Originally Posted by TheRenegade
so i should only have to do this once right? cuz i drove it the mile from my barracks to work and the sensor was reading 225* but the cap was still cool to the touch
Anytime you completely purge the system of coolant (i.e. water pump swap) and re-fill, you should keep an eye on your coolant level for a day or two after you refill.
I opened the bleed valve on my LT1 last Saturday after changing the WP and had to tap it off slightly on Sunday. The engine should be completely cool when you check it. It takes approximately two and 3/4 gallons of coolant.
As stated before. He doesn't have a bleeder valve.
His 86 is the same as my 87.
Even if you completely drain the cooling system and flush it, you would still refill it the same
way I stated earlier.
The thermostat 'bubble' has nothing to do with how the thermostat opens.
The thermo 'spring' does, and that is what is in contact with the coolant.
As long as the water pump has coolant flowing through it, any air bubble will be displaced by the pressurized coolant and your thermostat will still open.
Once it opens, you add coolant, as it's running, and any air in the system will purge itself.
If you're not getting heat, at an idle, then you don't have enough coolant in the system.
And if you really feel it's necessary, you can loosen the radiator cap to 'bleed' air out. It would work the exact same way as a bleeder valve.
In all the cars I've ever owned, I've never had any problem with the coolant system by doing it the way I've stated.

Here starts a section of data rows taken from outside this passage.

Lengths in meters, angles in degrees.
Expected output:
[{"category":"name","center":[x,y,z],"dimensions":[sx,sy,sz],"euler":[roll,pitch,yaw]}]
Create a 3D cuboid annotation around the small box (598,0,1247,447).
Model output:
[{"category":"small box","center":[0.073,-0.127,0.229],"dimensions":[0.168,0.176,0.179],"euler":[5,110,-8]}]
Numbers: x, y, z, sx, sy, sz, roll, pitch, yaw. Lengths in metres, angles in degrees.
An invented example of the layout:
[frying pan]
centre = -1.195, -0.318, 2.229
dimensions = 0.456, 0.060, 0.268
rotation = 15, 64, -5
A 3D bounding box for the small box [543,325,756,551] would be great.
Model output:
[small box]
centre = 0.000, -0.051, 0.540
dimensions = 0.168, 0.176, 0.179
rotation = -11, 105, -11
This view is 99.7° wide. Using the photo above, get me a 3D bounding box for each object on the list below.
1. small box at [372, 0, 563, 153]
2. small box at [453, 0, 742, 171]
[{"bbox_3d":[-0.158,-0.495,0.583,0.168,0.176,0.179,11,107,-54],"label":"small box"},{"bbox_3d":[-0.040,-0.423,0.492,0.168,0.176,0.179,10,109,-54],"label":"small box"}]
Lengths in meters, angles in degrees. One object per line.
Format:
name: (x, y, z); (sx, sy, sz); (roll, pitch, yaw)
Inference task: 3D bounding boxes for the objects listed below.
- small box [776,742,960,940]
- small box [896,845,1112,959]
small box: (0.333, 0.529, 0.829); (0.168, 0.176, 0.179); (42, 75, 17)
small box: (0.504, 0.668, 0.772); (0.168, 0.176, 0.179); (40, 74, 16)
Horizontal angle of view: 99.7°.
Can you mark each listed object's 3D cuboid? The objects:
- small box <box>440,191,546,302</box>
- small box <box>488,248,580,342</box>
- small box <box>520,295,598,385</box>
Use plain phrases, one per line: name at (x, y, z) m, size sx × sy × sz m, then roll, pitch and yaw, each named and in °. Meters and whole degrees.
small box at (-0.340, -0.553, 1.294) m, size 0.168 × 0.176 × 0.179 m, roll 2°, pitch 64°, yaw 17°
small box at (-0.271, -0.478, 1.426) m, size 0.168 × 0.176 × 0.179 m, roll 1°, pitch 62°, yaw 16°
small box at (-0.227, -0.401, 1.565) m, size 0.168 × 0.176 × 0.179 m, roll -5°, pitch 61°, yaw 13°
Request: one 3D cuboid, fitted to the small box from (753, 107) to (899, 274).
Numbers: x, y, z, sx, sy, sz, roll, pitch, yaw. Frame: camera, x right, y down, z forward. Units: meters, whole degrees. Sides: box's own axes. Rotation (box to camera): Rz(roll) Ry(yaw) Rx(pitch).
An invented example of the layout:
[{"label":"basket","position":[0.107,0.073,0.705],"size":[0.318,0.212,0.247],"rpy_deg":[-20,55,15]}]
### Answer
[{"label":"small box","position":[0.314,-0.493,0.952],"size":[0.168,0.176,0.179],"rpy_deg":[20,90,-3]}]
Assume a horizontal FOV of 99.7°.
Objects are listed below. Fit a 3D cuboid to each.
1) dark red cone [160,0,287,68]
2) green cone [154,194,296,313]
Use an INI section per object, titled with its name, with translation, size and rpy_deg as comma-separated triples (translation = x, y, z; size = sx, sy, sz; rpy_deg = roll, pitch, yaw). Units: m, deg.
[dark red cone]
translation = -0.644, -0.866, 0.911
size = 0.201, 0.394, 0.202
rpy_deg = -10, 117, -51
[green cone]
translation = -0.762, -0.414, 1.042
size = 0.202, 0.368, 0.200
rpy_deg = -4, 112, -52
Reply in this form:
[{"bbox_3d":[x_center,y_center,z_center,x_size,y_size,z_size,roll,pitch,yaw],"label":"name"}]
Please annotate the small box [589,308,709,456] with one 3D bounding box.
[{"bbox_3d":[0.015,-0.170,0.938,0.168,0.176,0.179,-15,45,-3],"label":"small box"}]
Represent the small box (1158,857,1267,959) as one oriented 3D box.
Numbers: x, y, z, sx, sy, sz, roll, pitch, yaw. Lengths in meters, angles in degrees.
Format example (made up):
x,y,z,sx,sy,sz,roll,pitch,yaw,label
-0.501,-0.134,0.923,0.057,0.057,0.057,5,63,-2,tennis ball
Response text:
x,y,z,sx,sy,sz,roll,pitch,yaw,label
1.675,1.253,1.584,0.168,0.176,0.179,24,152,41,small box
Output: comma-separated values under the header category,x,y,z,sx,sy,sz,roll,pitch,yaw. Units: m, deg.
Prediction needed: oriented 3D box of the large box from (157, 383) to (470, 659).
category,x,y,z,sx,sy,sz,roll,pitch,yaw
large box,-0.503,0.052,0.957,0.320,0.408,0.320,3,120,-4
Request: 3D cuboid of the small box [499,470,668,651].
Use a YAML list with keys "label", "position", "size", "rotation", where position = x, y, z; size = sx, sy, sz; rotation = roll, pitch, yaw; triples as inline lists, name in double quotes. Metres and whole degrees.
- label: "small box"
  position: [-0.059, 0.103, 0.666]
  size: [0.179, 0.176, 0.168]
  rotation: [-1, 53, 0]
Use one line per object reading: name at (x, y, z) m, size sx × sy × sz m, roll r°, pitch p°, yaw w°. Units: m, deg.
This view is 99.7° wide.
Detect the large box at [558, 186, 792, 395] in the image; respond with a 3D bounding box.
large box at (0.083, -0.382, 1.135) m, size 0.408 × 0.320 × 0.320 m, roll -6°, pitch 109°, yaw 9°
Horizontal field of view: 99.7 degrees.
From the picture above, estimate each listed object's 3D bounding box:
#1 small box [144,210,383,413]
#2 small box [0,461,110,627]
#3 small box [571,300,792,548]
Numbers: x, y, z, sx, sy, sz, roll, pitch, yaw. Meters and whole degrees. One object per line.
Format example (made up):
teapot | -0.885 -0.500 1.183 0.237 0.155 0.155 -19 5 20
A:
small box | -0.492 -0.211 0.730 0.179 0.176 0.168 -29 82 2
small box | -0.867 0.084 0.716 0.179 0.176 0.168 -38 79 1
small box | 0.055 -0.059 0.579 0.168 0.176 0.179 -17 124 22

[QUOTE=Keystring;1575540961]As stated before. He doesn't have a bleeder valve.His 86 is the same as my 87. QUOTE]
Not only that but it seems that many forget about the 2nd part of the recommended "burp" procedure: That the coolant by-pass hole behind the passenger side leg of the water pump be plugged.
Most everyone writes about drilling holes - the sizes and number of holes differ from poster to poster - but none mention plugging the by-pass hole. Guess there's too much work involved in doing that as the reason it isn't mentioned.
TPiS says BLOCK IT. They also recommend to drill different size holes defending on the season. Smaller for winter months and larger for the hot weather.
Also - sometimes helps to run the heater in case there is air trapped in there too. The engine temp will keep spiking and then coming back down repeatedly until all the air is out of the system - you'll need to keep topping off the coolant until all the air is out..
Heater core has already been bypassed by previous owner and to the other posters, the upper radiator hose is cool to the touch, there is no pressure in the system and the lower hose is barely warm to the touch. one of my buddies says its either a blockage somewhere or possibly a messed up temeprature sensor sending unit
Last edited by TheRenegade; Oct 7, 2010 at 12:39 AM.
Heater core has already been bypassed by previous owner and to the other posters, the upper radiator hose is cool to the touch, there is no pressure in the system and the lower hose is barely warm to the touch. one of my buddies says its either a blockage somewhere or possibly a messed up temeprature sensor sending unit
It's possible that your temperature sensor is bad, but it also sounds like you've either got a stuck thermostat, or possibly no thermostat at all.
Since you have no pressure, then my guess would be no thermostat.
When I got my 87 I asked the PO if the heat worked and he said 'yes'.
Problem was, the heat only worked when I stepped on the gas and the engine temperature only rose to 140 max, according to the gauge.
Upper hose always ran cooler than the lower as well.
I went and bought a 180 deg thermostat and installed it. Temps went to 180 and the heat worked fine afterwords. Also both hoses were pretty hot to the touch.
I'd check to make sure you have a thermostat installed.